Dans un confort matériel acceptable, mais sans commune mesure avec celui du Liban, l’Église maronite au Canada cherche à accomplir sa tâche. Mgr Joseph Khoury, l’actuel évêque maronite du Canada, se plaint de n’avoir même pas de vicaire pour l’assister dans les tâches de représentation et le travail administratif. Il insiste aussi sur la question des distances qui séparent les paroisses et les paroissiens maronites les uns des autres. Les prêtres sont en sous-nombre. Mgr Khoury dispose d’une dizaine de prêtres diocésains pour tout le Canada et coordonne leurs services pastoraux avec l’ordre religieux des antonins et l’ordre maronite libanais, présents au Canada. Les mariamites, eux, ont quitté ces terres inconfortables, frappés de plein fouet par la crise des vocations. L’Église latine a pris la relève en de nombreux endroits.
Discrètement mais efficacement assisté par la Fondation maronite dans le monde de Michel Eddé, le patriarche Raï entame donc une visite pastorale de huit jours (5-13 mai) au cours de laquelle il visitera les principales paroisses maronites du Canada francophone et anglophone. Toutefois, le chef de l’Église maronite ne se rendra pas à Vancouver, sur la côte ouest du pays, où il n’existe pas encore de paroisse. La ville d’Edmonton, à trois fuseaux horaires de Montréal, est l’étape la plus occidentale de son périple. Les grandes villes de Toronto, de Halifax et d’Ottawa ne seront bien évidemment pas oubliées. À Ottawa, une visite au Parlement et des rencontres officielles sont prévues. Nominations administratives obligent, et en attendant que le Conseil des ministres se décide à nommer un ambassadeur, c’est le chargé d’affaires de l’ambassade Georges Abouzeid qui accueillera le patriarche au nom du Liban.

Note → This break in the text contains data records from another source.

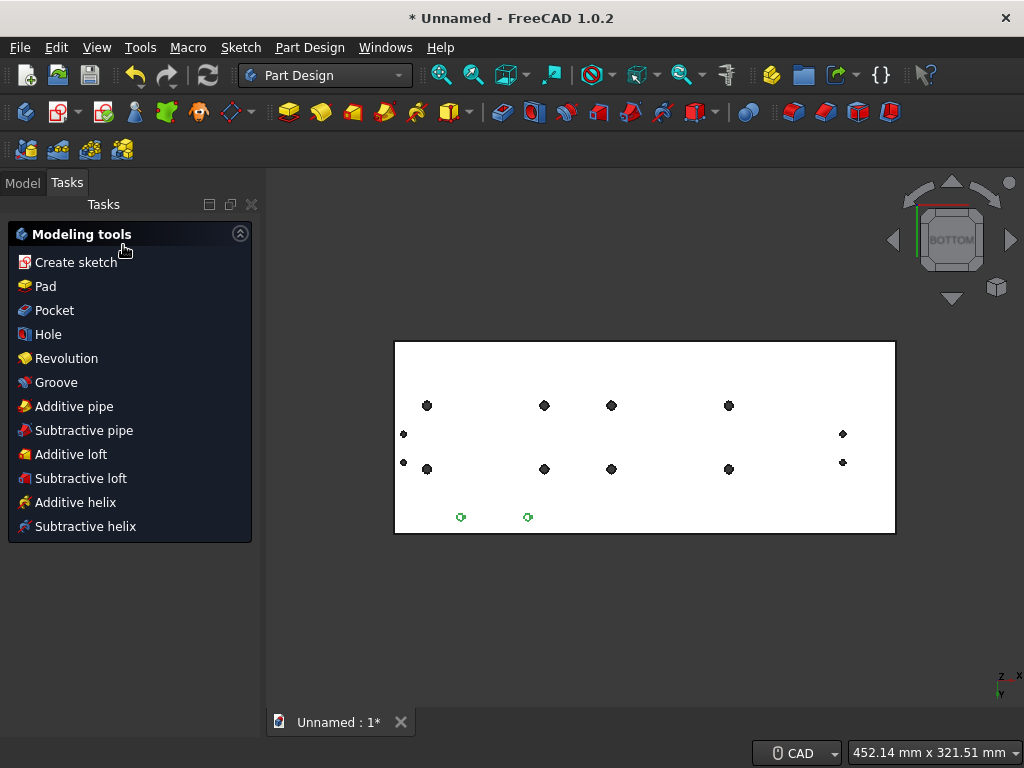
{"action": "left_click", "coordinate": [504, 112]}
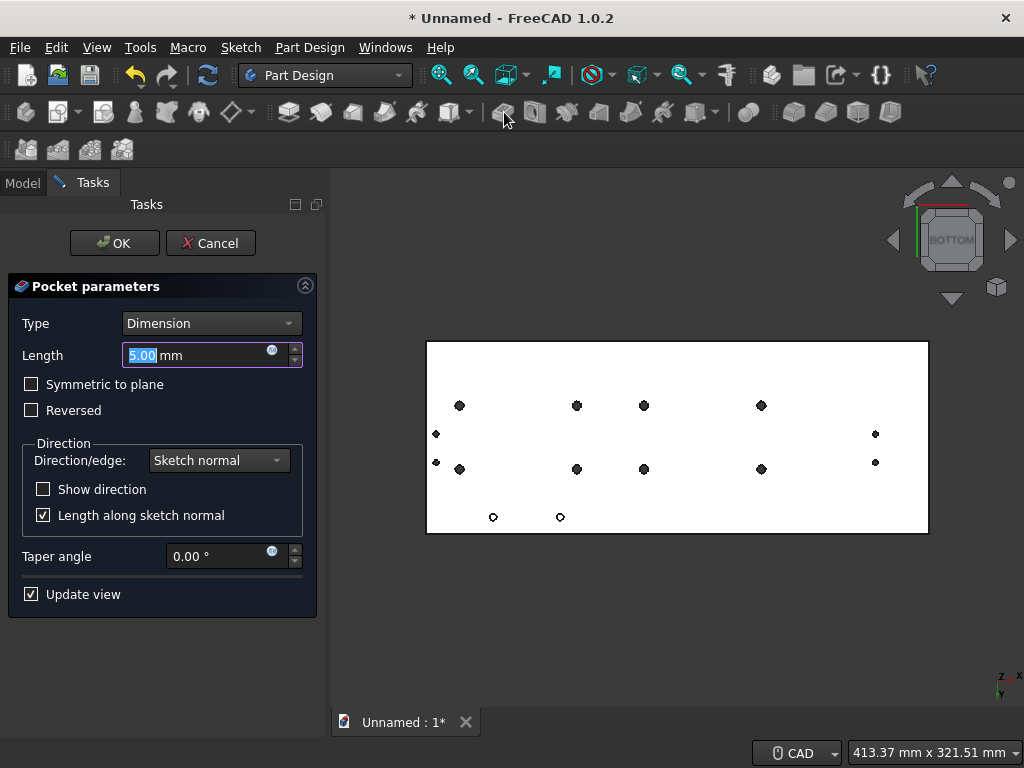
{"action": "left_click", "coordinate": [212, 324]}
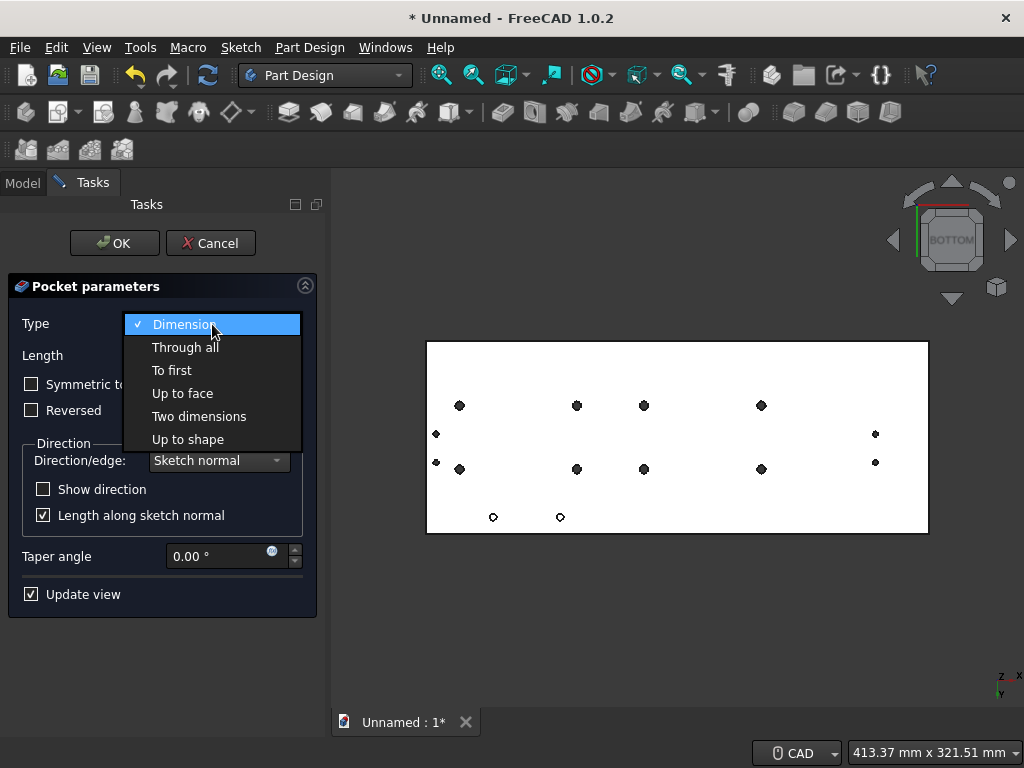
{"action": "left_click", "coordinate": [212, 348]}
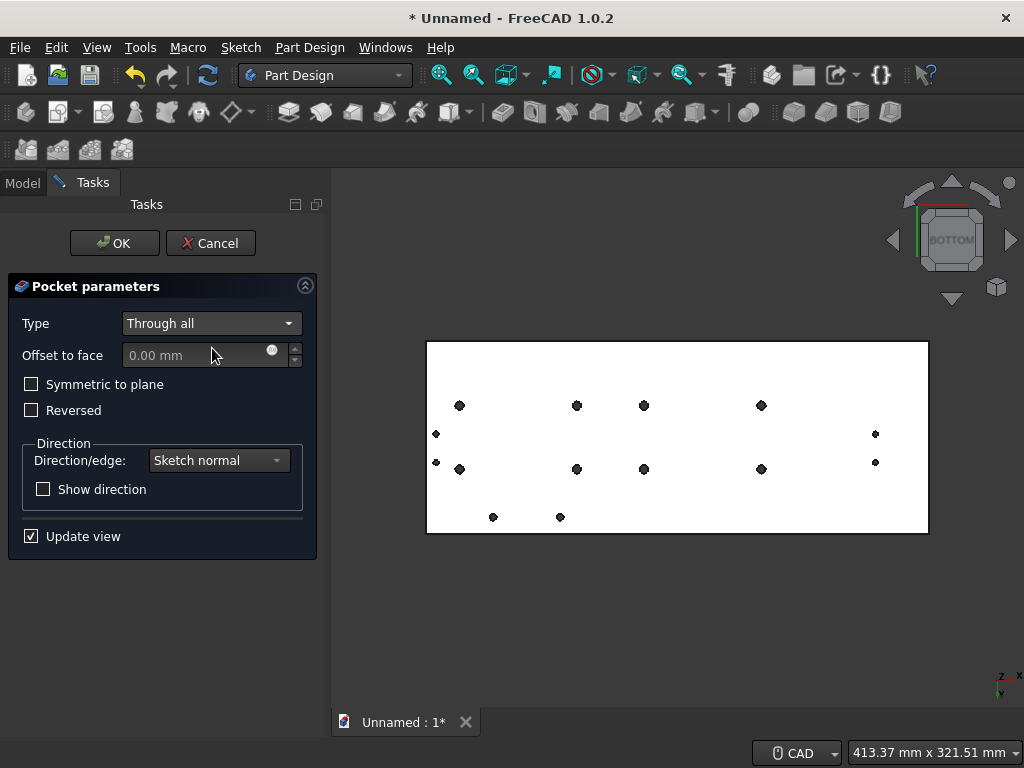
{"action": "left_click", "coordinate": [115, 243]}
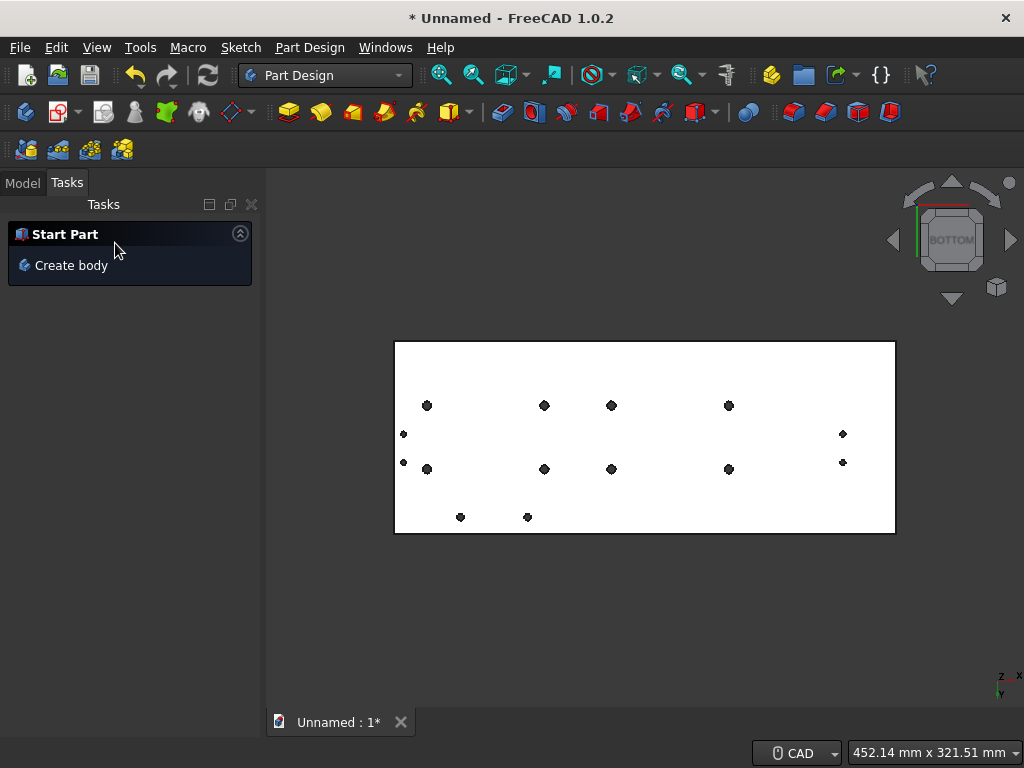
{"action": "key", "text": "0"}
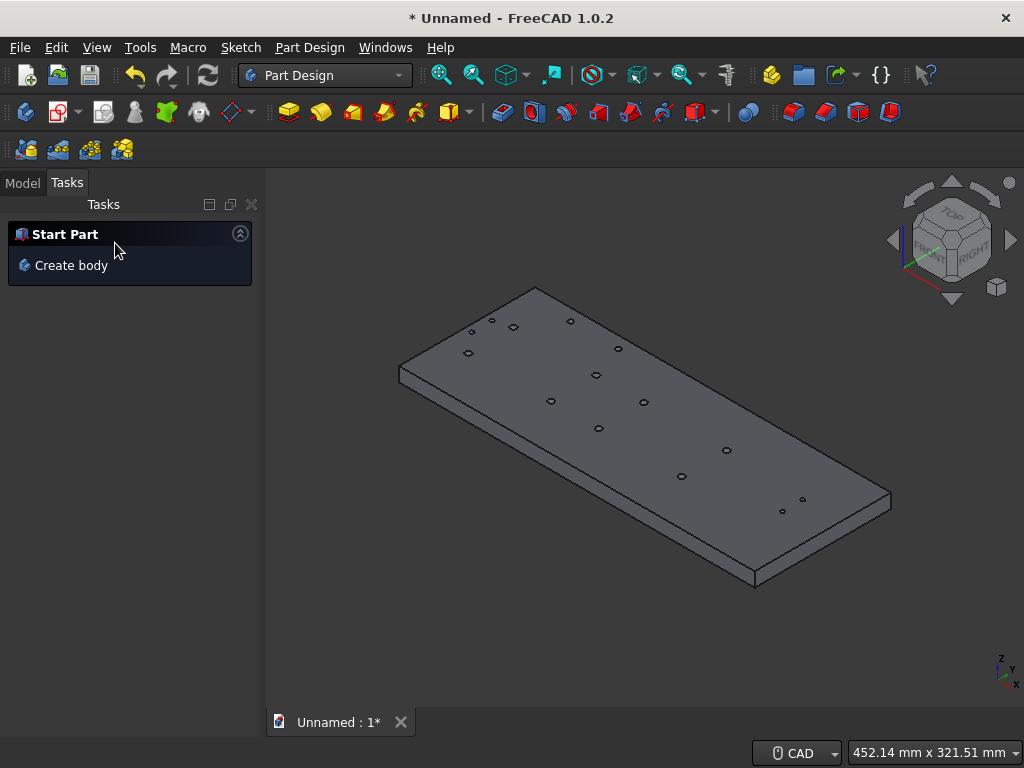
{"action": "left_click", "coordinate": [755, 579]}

La petite politique libanaise s’est bien entendu invitée à la tournée. Comme si le Liban n’était pas suffisamment affaibli comme ça, les susceptibilités de l’heure seront au rendez-vous de la visite. En effet, le patriarche a donné son accord pour une rencontre dimanche matin avec les représentants des communautés libanaises chiite, sunnite et druze au Canada, ce qui a froissé des cercles politisés au sein de la communauté maronite, qui ont décidé, en réaction à cette décision, de boycotter la visite du patriarche, pour ce que cela veut dire… Car, de toute façon, l’impact de ce mouvement d’humeur restera limité. Pour leur part, les organisateurs de la visite y voient un affaiblissement du témoignage que le Liban peut et doit apporter devant la communauté internationale en général et les autorités du Canada en particulier.
Souhail Chalouhi said
Contrairement à ce que certains médias ont vehiculé, la visite du Patriarche au Cadana était plus que triomphale tous les libanais ont acclamés le Patriarche Raii, 2000 personnes à la messe à la préstigieuse Basilique Saint _josephe de Mont-Royal, 1500 à la messe à Saint-Maron et 1000 personnes au diner d’adieu à Montréal.